> **Work to be completed**: Check each line of the entries for "HFOV" and report the ones that have it.

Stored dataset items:
===
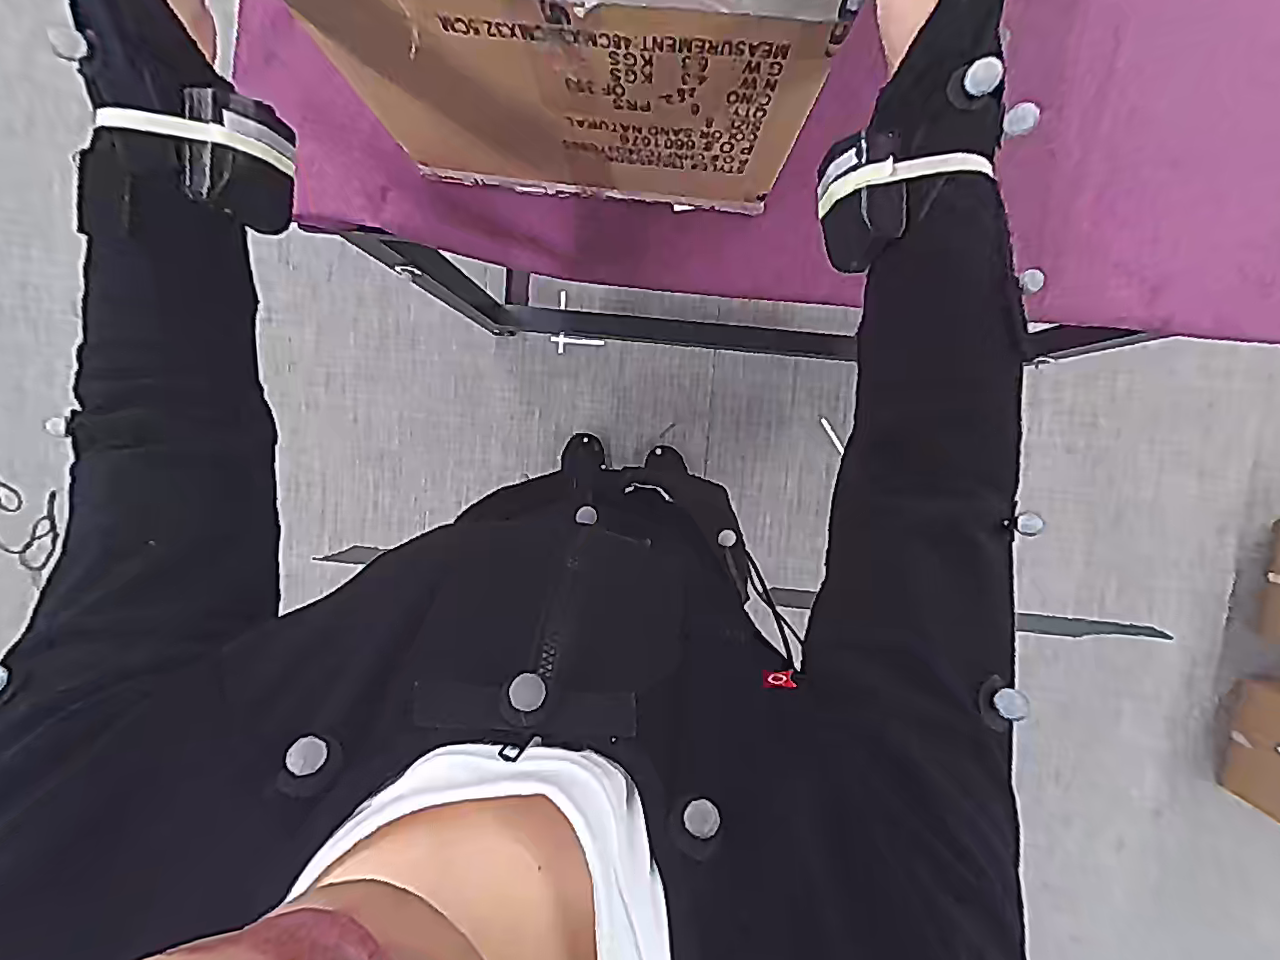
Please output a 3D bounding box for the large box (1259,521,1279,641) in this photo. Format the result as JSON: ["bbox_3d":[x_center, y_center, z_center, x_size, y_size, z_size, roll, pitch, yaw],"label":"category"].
[{"bbox_3d":[1.782,0.271,1.216,0.408,0.320,0.320,4,94,2],"label":"large box"}]
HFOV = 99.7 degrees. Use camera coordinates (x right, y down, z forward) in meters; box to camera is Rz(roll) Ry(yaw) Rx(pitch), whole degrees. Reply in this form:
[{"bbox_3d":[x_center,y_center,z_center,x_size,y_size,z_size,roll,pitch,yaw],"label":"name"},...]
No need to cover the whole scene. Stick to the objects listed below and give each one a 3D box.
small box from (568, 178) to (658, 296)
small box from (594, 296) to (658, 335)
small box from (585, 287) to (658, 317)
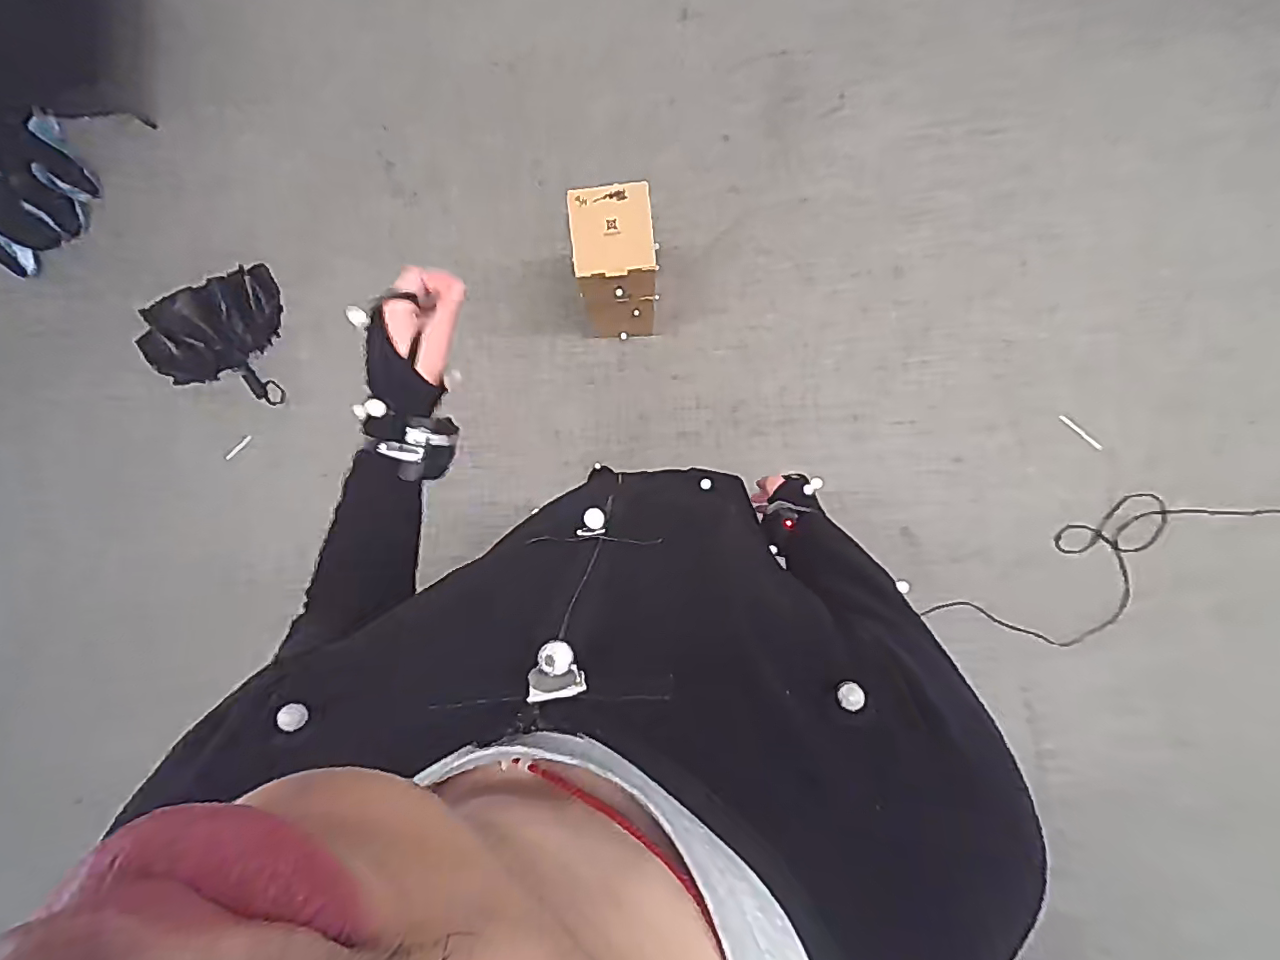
[{"bbox_3d":[-0.050,-0.501,1.143,0.168,0.176,0.179,-6,92,2],"label":"small box"},{"bbox_3d":[-0.037,-0.505,1.468,0.168,0.176,0.179,-3,91,3],"label":"small box"},{"bbox_3d":[-0.045,-0.503,1.306,0.168,0.176,0.179,-4,89,2],"label":"small box"}]
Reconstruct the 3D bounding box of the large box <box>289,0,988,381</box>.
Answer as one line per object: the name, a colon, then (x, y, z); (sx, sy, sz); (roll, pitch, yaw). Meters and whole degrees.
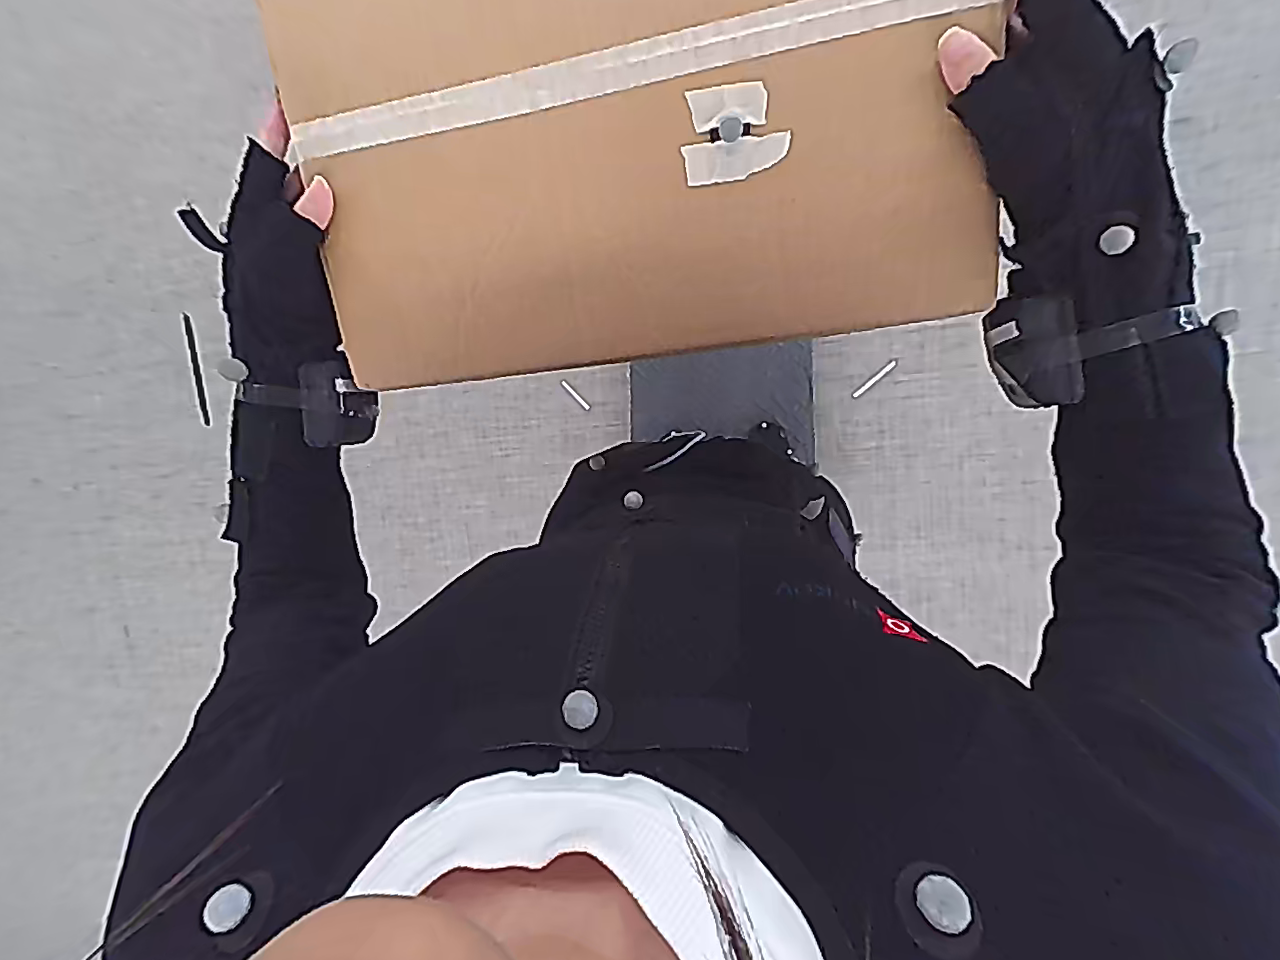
large box: (0.008, -0.274, 0.460); (0.408, 0.320, 0.320); (-6, 104, 10)
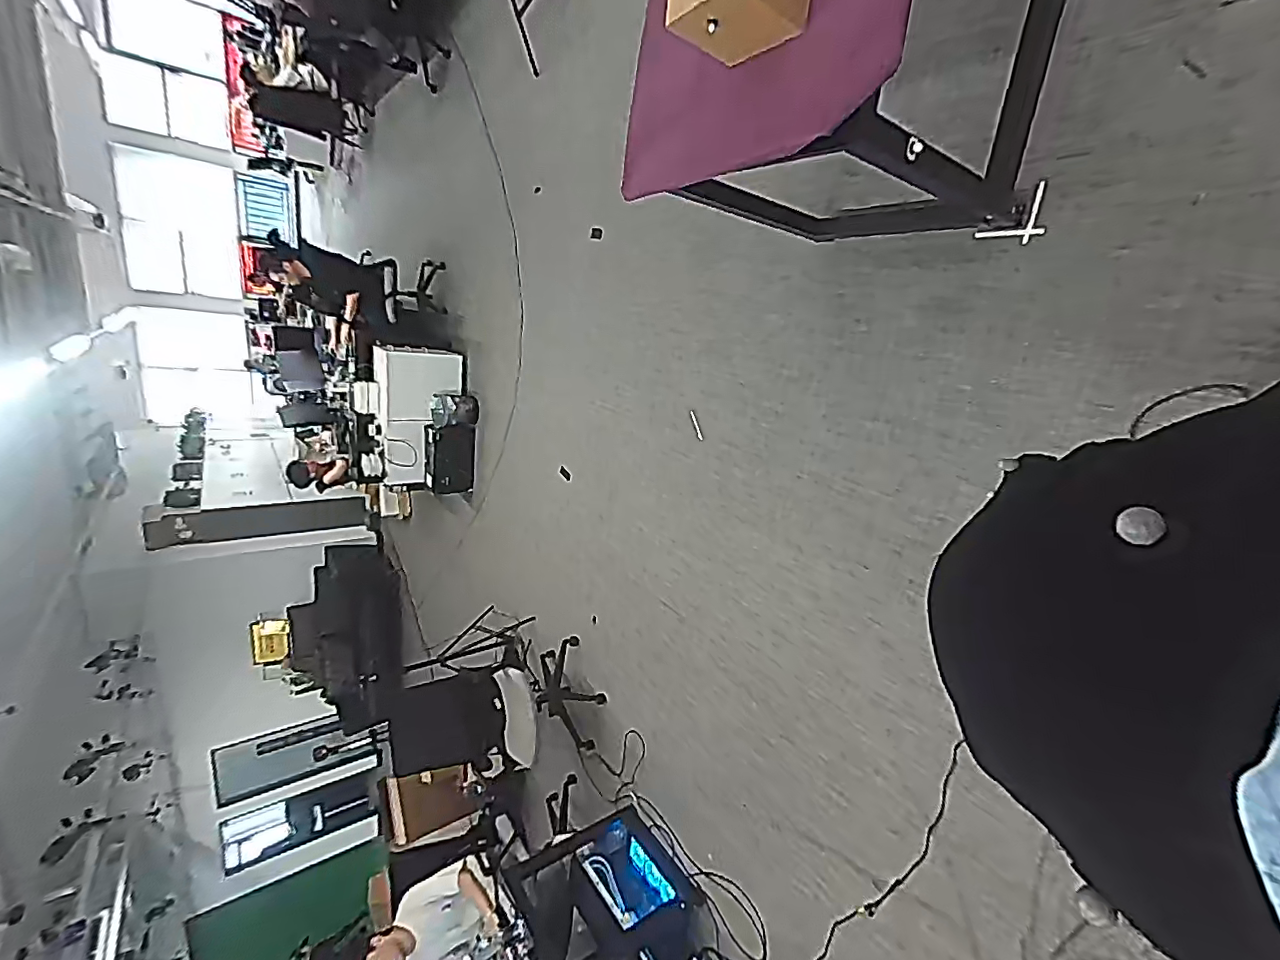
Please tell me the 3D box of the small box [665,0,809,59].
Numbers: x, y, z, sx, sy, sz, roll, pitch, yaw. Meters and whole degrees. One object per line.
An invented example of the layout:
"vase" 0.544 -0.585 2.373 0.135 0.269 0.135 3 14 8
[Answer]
"small box" 0.167 -0.839 0.889 0.179 0.176 0.168 23 111 50
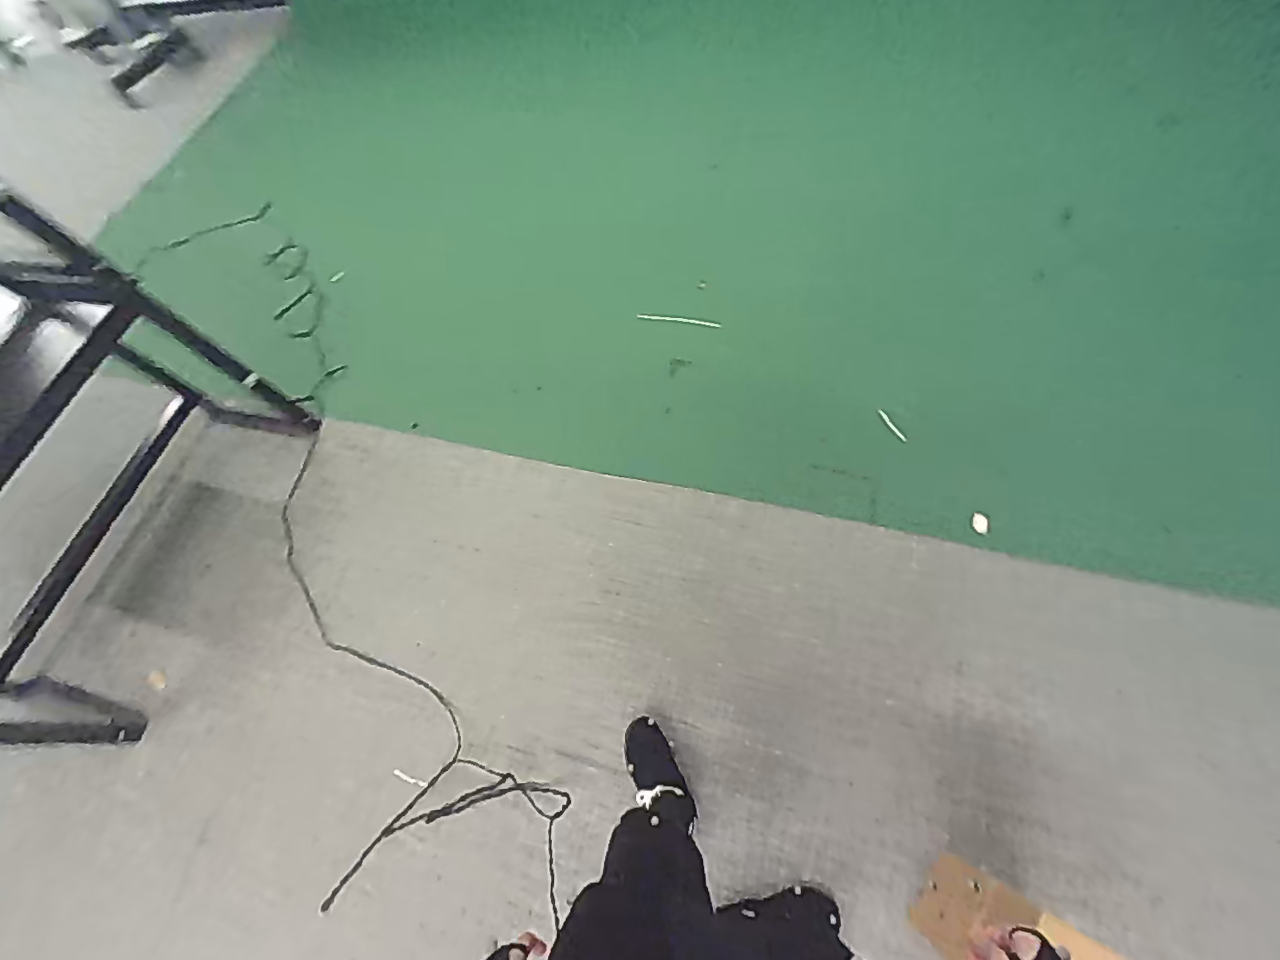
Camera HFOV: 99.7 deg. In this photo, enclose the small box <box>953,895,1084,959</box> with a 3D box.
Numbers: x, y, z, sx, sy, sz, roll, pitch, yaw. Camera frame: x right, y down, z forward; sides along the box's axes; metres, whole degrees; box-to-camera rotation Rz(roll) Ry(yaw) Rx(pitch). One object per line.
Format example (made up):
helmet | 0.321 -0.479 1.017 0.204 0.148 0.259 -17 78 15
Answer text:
small box | 0.573 0.757 0.780 0.168 0.176 0.179 29 73 21
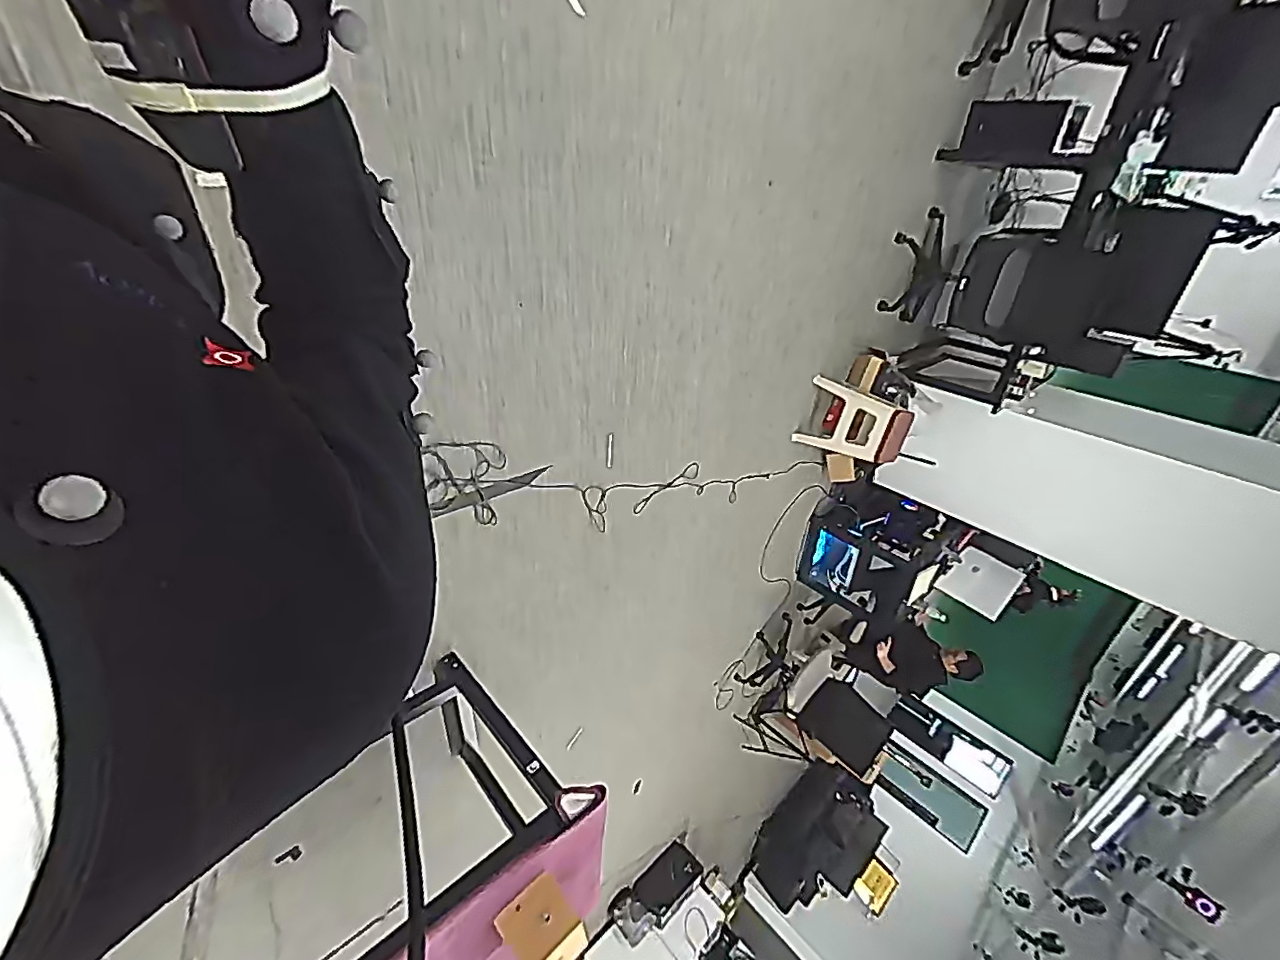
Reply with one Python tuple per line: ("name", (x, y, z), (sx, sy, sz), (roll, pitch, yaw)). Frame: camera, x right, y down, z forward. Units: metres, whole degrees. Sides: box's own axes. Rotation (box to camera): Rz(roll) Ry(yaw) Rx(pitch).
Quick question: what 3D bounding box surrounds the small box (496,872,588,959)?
("small box", (-0.260, 1.187, 1.423), (0.168, 0.176, 0.179), (-30, 133, -33))
===
> **Written response**:
HFOV = 99.7 degrees. Use camera coordinates (x right, y down, z forward) in meters; box to camera is Rz(roll) Ry(yaw) Rx(pitch), whole degrees. Reply in this form:
Camera HFOV: 99.7 deg. In this photo, enclose the small box <box>953,895,1084,959</box> with a 3D box.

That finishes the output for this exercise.